→ HOW TO COMPLETE THIS TASK:
Word for word, the data below must be repeated in full; no picture is to be included.

EXTRACTED MATERIAL section start

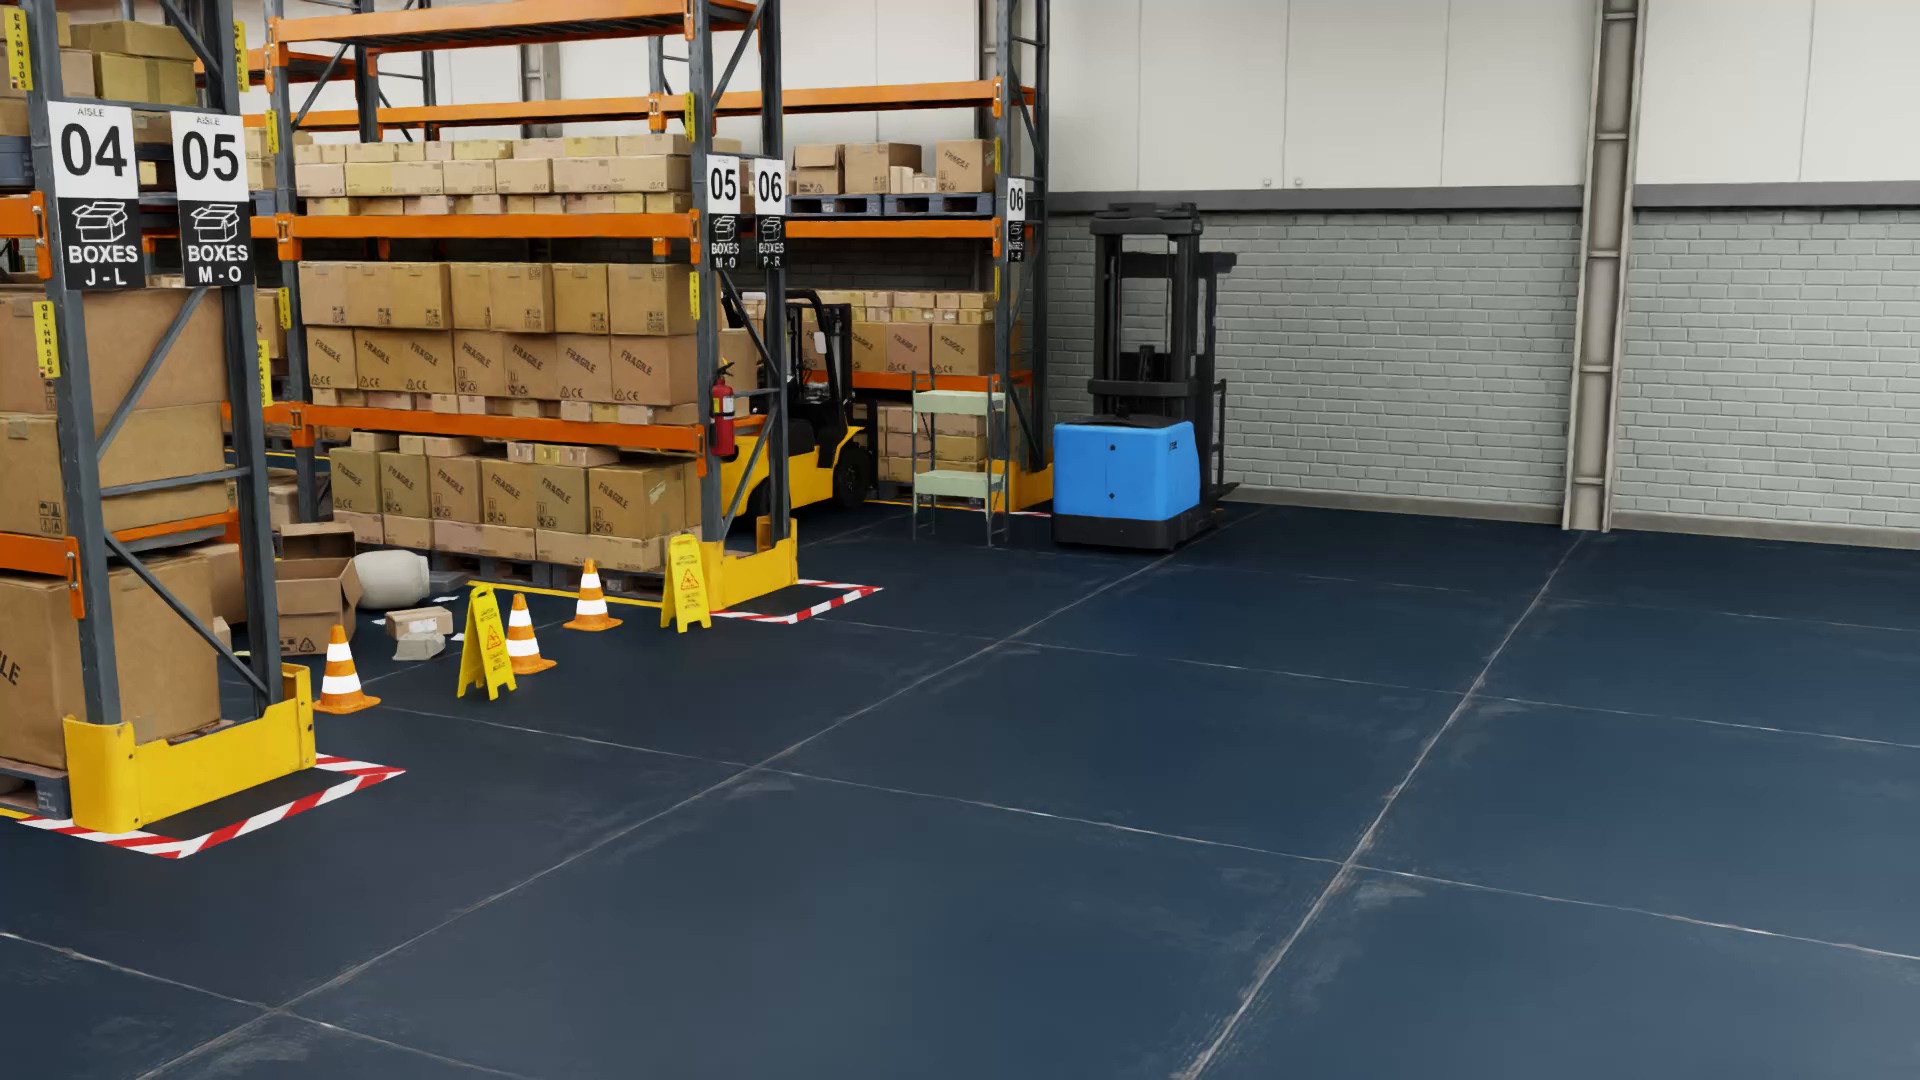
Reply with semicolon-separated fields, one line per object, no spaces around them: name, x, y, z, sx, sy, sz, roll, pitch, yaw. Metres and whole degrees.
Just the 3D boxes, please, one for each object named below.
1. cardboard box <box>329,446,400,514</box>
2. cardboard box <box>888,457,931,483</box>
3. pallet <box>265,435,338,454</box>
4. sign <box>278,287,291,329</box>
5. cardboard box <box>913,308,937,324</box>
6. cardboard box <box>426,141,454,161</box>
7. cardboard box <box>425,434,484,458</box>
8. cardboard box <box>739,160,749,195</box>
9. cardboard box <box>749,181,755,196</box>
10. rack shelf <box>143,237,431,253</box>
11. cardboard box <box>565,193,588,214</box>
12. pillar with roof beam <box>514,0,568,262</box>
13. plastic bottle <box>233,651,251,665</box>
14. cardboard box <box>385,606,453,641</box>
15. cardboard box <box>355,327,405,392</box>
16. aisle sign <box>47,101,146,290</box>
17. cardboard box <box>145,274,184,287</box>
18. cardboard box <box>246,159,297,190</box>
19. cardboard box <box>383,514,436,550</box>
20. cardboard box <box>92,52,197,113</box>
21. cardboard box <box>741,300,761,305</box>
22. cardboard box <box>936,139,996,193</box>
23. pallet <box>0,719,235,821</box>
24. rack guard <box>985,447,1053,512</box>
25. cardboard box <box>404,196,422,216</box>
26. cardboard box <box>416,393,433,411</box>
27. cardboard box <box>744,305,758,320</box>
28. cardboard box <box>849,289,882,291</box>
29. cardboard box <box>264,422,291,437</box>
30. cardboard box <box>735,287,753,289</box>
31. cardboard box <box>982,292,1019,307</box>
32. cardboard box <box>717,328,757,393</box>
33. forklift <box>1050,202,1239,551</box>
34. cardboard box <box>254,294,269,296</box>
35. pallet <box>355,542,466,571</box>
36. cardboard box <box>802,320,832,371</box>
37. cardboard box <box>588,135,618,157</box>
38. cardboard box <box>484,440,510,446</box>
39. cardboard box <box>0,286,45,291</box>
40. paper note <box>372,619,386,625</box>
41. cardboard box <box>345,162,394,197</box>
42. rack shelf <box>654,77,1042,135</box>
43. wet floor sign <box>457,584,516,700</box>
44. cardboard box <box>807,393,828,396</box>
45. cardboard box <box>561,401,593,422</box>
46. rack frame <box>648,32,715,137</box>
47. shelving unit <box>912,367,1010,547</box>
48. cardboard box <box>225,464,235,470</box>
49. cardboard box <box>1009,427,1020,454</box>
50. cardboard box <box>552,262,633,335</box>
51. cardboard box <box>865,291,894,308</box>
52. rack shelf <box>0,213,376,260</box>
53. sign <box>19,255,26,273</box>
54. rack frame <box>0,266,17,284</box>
cardboard box;-4.758;-0.510;13.561;0.500;0.500;0.500;6;12;29
cardboard box;-0.390;-0.736;16.914;0.500;0.250;0.500;5;11;26
pallet;-8.304;-1.274;21.178;1.213;0.211;1.003;5;11;26
sign;-5.410;-1.858;13.321;0.005;0.325;0.100;5;11;26
cardboard box;-0.270;-2.251;16.645;0.250;0.149;0.380;5;12;27
cardboard box;-3.837;-2.951;12.656;0.250;0.149;0.380;5;11;25
cardboard box;-3.968;-0.749;13.059;0.250;0.149;0.380;6;12;29
cardboard box;-1.913;-2.693;12.348;0.500;0.250;0.500;5;11;25
cardboard box;-2.017;-3.634;17.209;0.250;0.149;0.380;5;12;28
rack shelf;-8.355;-3.765;20.707;4.000;0.370;1.077;5;11;26
cardboard box;-2.683;-2.469;12.232;0.250;0.149;0.380;5;11;26
pillar with roof beam;-6.898;-4.791;15.934;0.400;9.000;9.100;5;11;26
plastic bottle;-4.501;0.741;10.465;0.283;0.061;0.133;1;10;6
cardboard box;-3.649;0.560;11.216;0.380;0.149;0.250;-7;12;-33
cardboard box;-4.436;-1.458;13.245;0.500;0.500;0.500;5;11;26
aisle sign;-3.749;-1.489;7.235;0.004;0.787;0.394;5;11;26
cardboard box;-7.163;-2.330;15.064;0.250;0.149;0.380;4;11;23
cardboard box;-5.755;-3.009;13.751;0.500;0.250;0.500;5;11;25
cardboard box;-4.274;-0.101;13.406;0.500;0.250;0.500;6;12;29
cardboard box;-3.999;-2.147;7.872;0.500;0.250;0.500;5;11;26
cardboard box;-2.127;-2.551;17.464;0.250;0.149;0.380;5;12;27
cardboard box;0.108;-3.632;16.211;0.500;0.500;0.500;5;12;28
pallet;-4.432;1.058;8.290;1.213;0.211;1.003;5;11;26
rack guard;0.634;-0.623;16.768;0.348;0.500;1.175;5;11;26
cardboard box;-4.074;-2.585;12.875;0.250;0.149;0.380;5;11;24
cardboard box;-4.066;-1.109;13.138;0.250;0.149;0.380;5;11;26
cardboard box;-2.138;-2.404;17.487;0.250;0.149;0.380;5;12;27
cardboard box;-0.968;-2.557;17.496;0.250;0.149;0.380;5;11;26
cardboard box;-8.425;-1.581;20.881;0.500;0.500;0.500;5;11;24
cardboard box;-2.348;-2.681;18.186;0.250;0.149;0.380;5;11;24
cardboard box;0.406;-2.430;16.798;0.250;0.149;0.380;5;11;25
cardboard box;-1.882;-1.339;12.590;0.500;0.500;0.500;5;11;25
forklift;1.853;-1.571;15.182;1.130;2.935;3.031;5;11;24
cardboard box;-6.128;-1.818;14.056;0.500;0.500;0.500;5;11;26
pallet;-4.549;0.042;13.903;1.213;0.211;1.003;5;11;26
cardboard box;-1.321;-2.021;17.196;0.500;0.500;0.500;5;11;26
cardboard box;-2.465;-2.830;11.986;0.250;0.149;0.380;5;11;25
cardboard box;-4.061;-0.556;13.816;0.500;0.500;0.500;5;12;27
cardboard box;-4.530;-0.932;8.006;0.550;0.550;0.875;5;11;26
paper note;-4.004;0.557;11.597;0.148;0.019;0.142;-10;14;-43
cardboard box;-4.427;-2.808;12.986;0.500;0.250;0.500;5;11;25
rack shelf;-1.181;-4.414;16.992;4.000;0.370;1.077;5;11;26
wet floor sign;-2.778;0.581;9.706;0.232;0.644;0.267;3;11;16
cardboard box;-1.539;-1.428;17.933;0.500;0.250;0.500;5;11;26
cardboard box;-2.751;-0.975;12.399;0.250;0.149;0.380;5;12;27
rack frame;-2.974;-5.122;17.763;0.127;3.000;1.000;5;11;26
shelving unit;0.006;-0.737;14.594;0.755;1.500;0.431;5;11;26
cardboard box;-6.909;-0.442;14.950;0.625;0.372;0.950;5;12;28
cardboard box;0.283;-1.025;17.107;0.500;0.250;0.500;5;12;27
cardboard box;-2.586;-1.796;12.307;0.500;0.500;0.700;5;11;26
cardboard box;-0.756;-2.429;16.792;0.250;0.149;0.380;5;12;27
rack shelf;-6.961;-2.657;14.584;4.000;0.370;1.077;5;11;26
sign;-13.472;-3.928;23.872;0.005;0.325;0.100;5;11;26
rack frame;-8.755;-1.692;15.657;0.127;3.000;1.000;5;11;26

EXTRACTED MATERIAL section end

→ SOLUTION FOR THIS EXERCISE:
Reply with semicolon-separated fields, one line per object, no spaces around them: name, x, y, z, sx, sy, sz, roll, pitch, yaw. Metres and whole degrees.
Just the 3D boxes, please, one for each object named below.
1. cardboard box <box>329,446,400,514</box>
2. cardboard box <box>888,457,931,483</box>
3. pallet <box>265,435,338,454</box>
4. sign <box>278,287,291,329</box>
5. cardboard box <box>913,308,937,324</box>
6. cardboard box <box>426,141,454,161</box>
7. cardboard box <box>425,434,484,458</box>
8. cardboard box <box>739,160,749,195</box>
9. cardboard box <box>749,181,755,196</box>
10. rack shelf <box>143,237,431,253</box>
11. cardboard box <box>565,193,588,214</box>
12. pillar with roof beam <box>514,0,568,262</box>
13. plastic bottle <box>233,651,251,665</box>
14. cardboard box <box>385,606,453,641</box>
15. cardboard box <box>355,327,405,392</box>
16. aisle sign <box>47,101,146,290</box>
17. cardboard box <box>145,274,184,287</box>
18. cardboard box <box>246,159,297,190</box>
19. cardboard box <box>383,514,436,550</box>
20. cardboard box <box>92,52,197,113</box>
21. cardboard box <box>741,300,761,305</box>
22. cardboard box <box>936,139,996,193</box>
23. pallet <box>0,719,235,821</box>
24. rack guard <box>985,447,1053,512</box>
25. cardboard box <box>404,196,422,216</box>
26. cardboard box <box>416,393,433,411</box>
27. cardboard box <box>744,305,758,320</box>
28. cardboard box <box>849,289,882,291</box>
29. cardboard box <box>264,422,291,437</box>
30. cardboard box <box>735,287,753,289</box>
31. cardboard box <box>982,292,1019,307</box>
32. cardboard box <box>717,328,757,393</box>
33. forklift <box>1050,202,1239,551</box>
34. cardboard box <box>254,294,269,296</box>
35. pallet <box>355,542,466,571</box>
36. cardboard box <box>802,320,832,371</box>
37. cardboard box <box>588,135,618,157</box>
38. cardboard box <box>484,440,510,446</box>
39. cardboard box <box>0,286,45,291</box>
40. paper note <box>372,619,386,625</box>
41. cardboard box <box>345,162,394,197</box>
42. rack shelf <box>654,77,1042,135</box>
43. wet floor sign <box>457,584,516,700</box>
44. cardboard box <box>807,393,828,396</box>
45. cardboard box <box>561,401,593,422</box>
46. rack frame <box>648,32,715,137</box>
47. shelving unit <box>912,367,1010,547</box>
48. cardboard box <box>225,464,235,470</box>
49. cardboard box <box>1009,427,1020,454</box>
50. cardboard box <box>552,262,633,335</box>
51. cardboard box <box>865,291,894,308</box>
52. rack shelf <box>0,213,376,260</box>
53. sign <box>19,255,26,273</box>
54. rack frame <box>0,266,17,284</box>
cardboard box;-4.758;-0.510;13.561;0.500;0.500;0.500;6;12;29
cardboard box;-0.390;-0.736;16.914;0.500;0.250;0.500;5;11;26
pallet;-8.304;-1.274;21.178;1.213;0.211;1.003;5;11;26
sign;-5.410;-1.858;13.321;0.005;0.325;0.100;5;11;26
cardboard box;-0.270;-2.251;16.645;0.250;0.149;0.380;5;12;27
cardboard box;-3.837;-2.951;12.656;0.250;0.149;0.380;5;11;25
cardboard box;-3.968;-0.749;13.059;0.250;0.149;0.380;6;12;29
cardboard box;-1.913;-2.693;12.348;0.500;0.250;0.500;5;11;25
cardboard box;-2.017;-3.634;17.209;0.250;0.149;0.380;5;12;28
rack shelf;-8.355;-3.765;20.707;4.000;0.370;1.077;5;11;26
cardboard box;-2.683;-2.469;12.232;0.250;0.149;0.380;5;11;26
pillar with roof beam;-6.898;-4.791;15.934;0.400;9.000;9.100;5;11;26
plastic bottle;-4.501;0.741;10.465;0.283;0.061;0.133;1;10;6
cardboard box;-3.649;0.560;11.216;0.380;0.149;0.250;-7;12;-33
cardboard box;-4.436;-1.458;13.245;0.500;0.500;0.500;5;11;26
aisle sign;-3.749;-1.489;7.235;0.004;0.787;0.394;5;11;26
cardboard box;-7.163;-2.330;15.064;0.250;0.149;0.380;4;11;23
cardboard box;-5.755;-3.009;13.751;0.500;0.250;0.500;5;11;25
cardboard box;-4.274;-0.101;13.406;0.500;0.250;0.500;6;12;29
cardboard box;-3.999;-2.147;7.872;0.500;0.250;0.500;5;11;26
cardboard box;-2.127;-2.551;17.464;0.250;0.149;0.380;5;12;27
cardboard box;0.108;-3.632;16.211;0.500;0.500;0.500;5;12;28
pallet;-4.432;1.058;8.290;1.213;0.211;1.003;5;11;26
rack guard;0.634;-0.623;16.768;0.348;0.500;1.175;5;11;26
cardboard box;-4.074;-2.585;12.875;0.250;0.149;0.380;5;11;24
cardboard box;-4.066;-1.109;13.138;0.250;0.149;0.380;5;11;26
cardboard box;-2.138;-2.404;17.487;0.250;0.149;0.380;5;12;27
cardboard box;-0.968;-2.557;17.496;0.250;0.149;0.380;5;11;26
cardboard box;-8.425;-1.581;20.881;0.500;0.500;0.500;5;11;24
cardboard box;-2.348;-2.681;18.186;0.250;0.149;0.380;5;11;24
cardboard box;0.406;-2.430;16.798;0.250;0.149;0.380;5;11;25
cardboard box;-1.882;-1.339;12.590;0.500;0.500;0.500;5;11;25
forklift;1.853;-1.571;15.182;1.130;2.935;3.031;5;11;24
cardboard box;-6.128;-1.818;14.056;0.500;0.500;0.500;5;11;26
pallet;-4.549;0.042;13.903;1.213;0.211;1.003;5;11;26
cardboard box;-1.321;-2.021;17.196;0.500;0.500;0.500;5;11;26
cardboard box;-2.465;-2.830;11.986;0.250;0.149;0.380;5;11;25
cardboard box;-4.061;-0.556;13.816;0.500;0.500;0.500;5;12;27
cardboard box;-4.530;-0.932;8.006;0.550;0.550;0.875;5;11;26
paper note;-4.004;0.557;11.597;0.148;0.019;0.142;-10;14;-43
cardboard box;-4.427;-2.808;12.986;0.500;0.250;0.500;5;11;25
rack shelf;-1.181;-4.414;16.992;4.000;0.370;1.077;5;11;26
wet floor sign;-2.778;0.581;9.706;0.232;0.644;0.267;3;11;16
cardboard box;-1.539;-1.428;17.933;0.500;0.250;0.500;5;11;26
cardboard box;-2.751;-0.975;12.399;0.250;0.149;0.380;5;12;27
rack frame;-2.974;-5.122;17.763;0.127;3.000;1.000;5;11;26
shelving unit;0.006;-0.737;14.594;0.755;1.500;0.431;5;11;26
cardboard box;-6.909;-0.442;14.950;0.625;0.372;0.950;5;12;28
cardboard box;0.283;-1.025;17.107;0.500;0.250;0.500;5;12;27
cardboard box;-2.586;-1.796;12.307;0.500;0.500;0.700;5;11;26
cardboard box;-0.756;-2.429;16.792;0.250;0.149;0.380;5;12;27
rack shelf;-6.961;-2.657;14.584;4.000;0.370;1.077;5;11;26
sign;-13.472;-3.928;23.872;0.005;0.325;0.100;5;11;26
rack frame;-8.755;-1.692;15.657;0.127;3.000;1.000;5;11;26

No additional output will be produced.